Starting school can be an anxious and overwhelming time for our children and for us the parents can’t it?
A little bit of preparation in the weeks before the start date can make getting ready for school much easier and pave the way for a smooth and more stress free transition.
Starting school is a wonderfully exciting adventure to enjoy together and here are some simple tips to support you and your child’s school readiness.
Ten Top Tips For Getting Ready for School
1. Start The School Morning Routine A Few Weeks In Advance
Starting school for the first time often means a lot of changes to the morning routine and this can be a difficult adjustment for everyone involved.
It really helps to think about the things that you and your child need to do in the morning, how long they will take to do and the best order to do them. E.g. Do you want to get dressed before or after breakfast? When do you clean your teeth? Do you want to plan in time for a short story or game?
Knowing what order and how much time you’ll need for the morning routine and starting it a few weeks in advance can take away the horrid stress of rushed mornings and enable each school day to start calmly and positively when the time comes.
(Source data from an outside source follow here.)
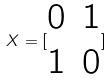Convert formula to latex. <formula><loc_0><loc_0><loc_500><loc_500>X = [ \begin{matrix} 0 & 1 \\ 1 & 0 \end{matrix} ]</formula> 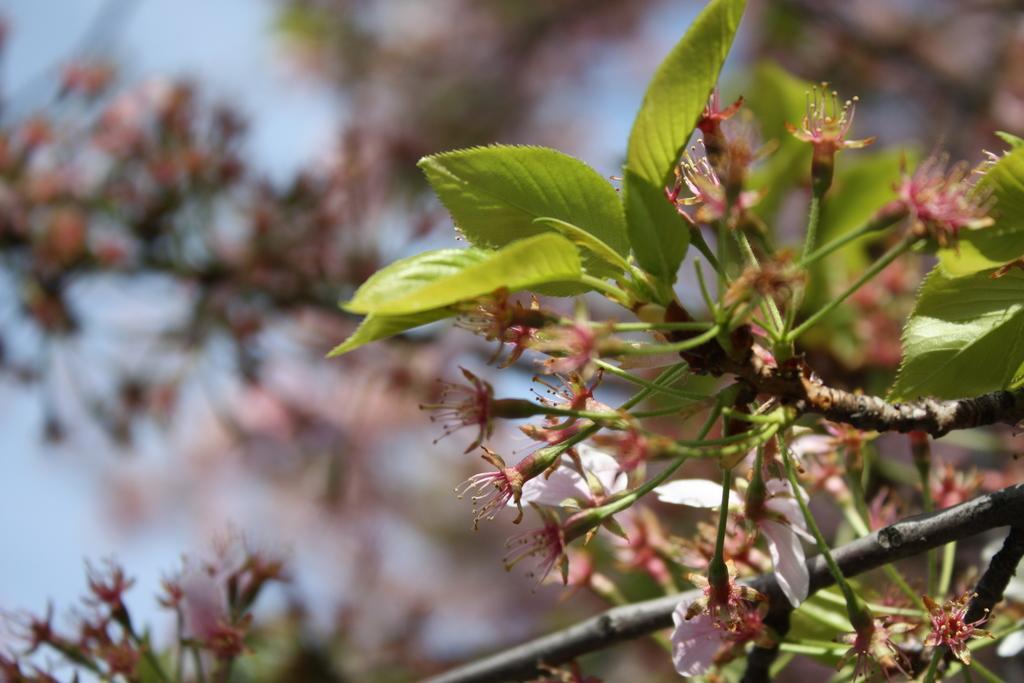How would you summarize this image in a sentence or two? In this image there are few plants having flowers and leaves. Background there is sky. 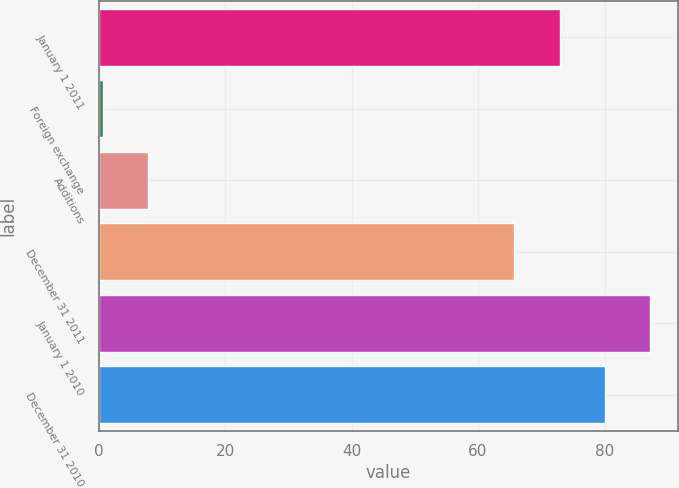Convert chart. <chart><loc_0><loc_0><loc_500><loc_500><bar_chart><fcel>January 1 2011<fcel>Foreign exchange<fcel>Additions<fcel>December 31 2011<fcel>January 1 2010<fcel>December 31 2010<nl><fcel>72.88<fcel>0.7<fcel>7.88<fcel>65.7<fcel>87.24<fcel>80.06<nl></chart> 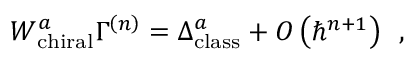Convert formula to latex. <formula><loc_0><loc_0><loc_500><loc_500>W _ { c h i r a l } ^ { a } \Gamma ^ { \left ( n \right ) } = \Delta _ { c l a s s } ^ { a } + O \left ( \hbar { ^ } { n + 1 } \right ) \, ,</formula>

2. Prepare Your Child With The Independent Toilet And Dressing Skills They’ll Need For Starting School
Your child is no longer going to have your one on one help and the teacher may have up to 30 children to care for on their own. Making sure your child is independent when it comes to toilet time and dressing time is an important part of getting ready for school and can go a long way to helping them feel confident in the new and busy school day.
Spend time in the weeks before starting school giving time for your child to practise and develop those skills every day. Things like buttons, zips, velcro, hoods, socks and shoe buckles can all be tricky for little hands and will need time to master.
3. Wear In The New School Shoes And School Uniform
Getting ready for school can seem particularly strange to a child if they are expected to wear clothes that are different to their norm. It may be that your little one needs to wear a proper uniform, sweatshirt or a sports kit or that you have picked out new clothes especially for the occasion. New clothes, especially shoes, can feel stiff and uncomfortable. Children can feel far more relaxed and like themselves if they’ve had a few wears of those clothes and shoes before the big day.
4. Getting Ready For School Lunches
Lunch time can be an important social time for children and having a lunchbox that they like and can open easily helps them feel confident, independent and is a good talking point for new friendships too. If possible let them choose a lunchbox they love and use it a few times before starting school. Make sure that children can open and close it independently and know how to open the food items inside too, and where to put their rubbish.
Find out from school what their lunchtime policy is and how long children are given to eat. It may be that some foods aren’t allowed or that children are made to always eat their sandwiches first.
Only put in enough food that your child can eat in the given time. If school makes them eat everything in their lunch box before being allowed to play, an over full lunch box can mean they miss out on valuable play and social time.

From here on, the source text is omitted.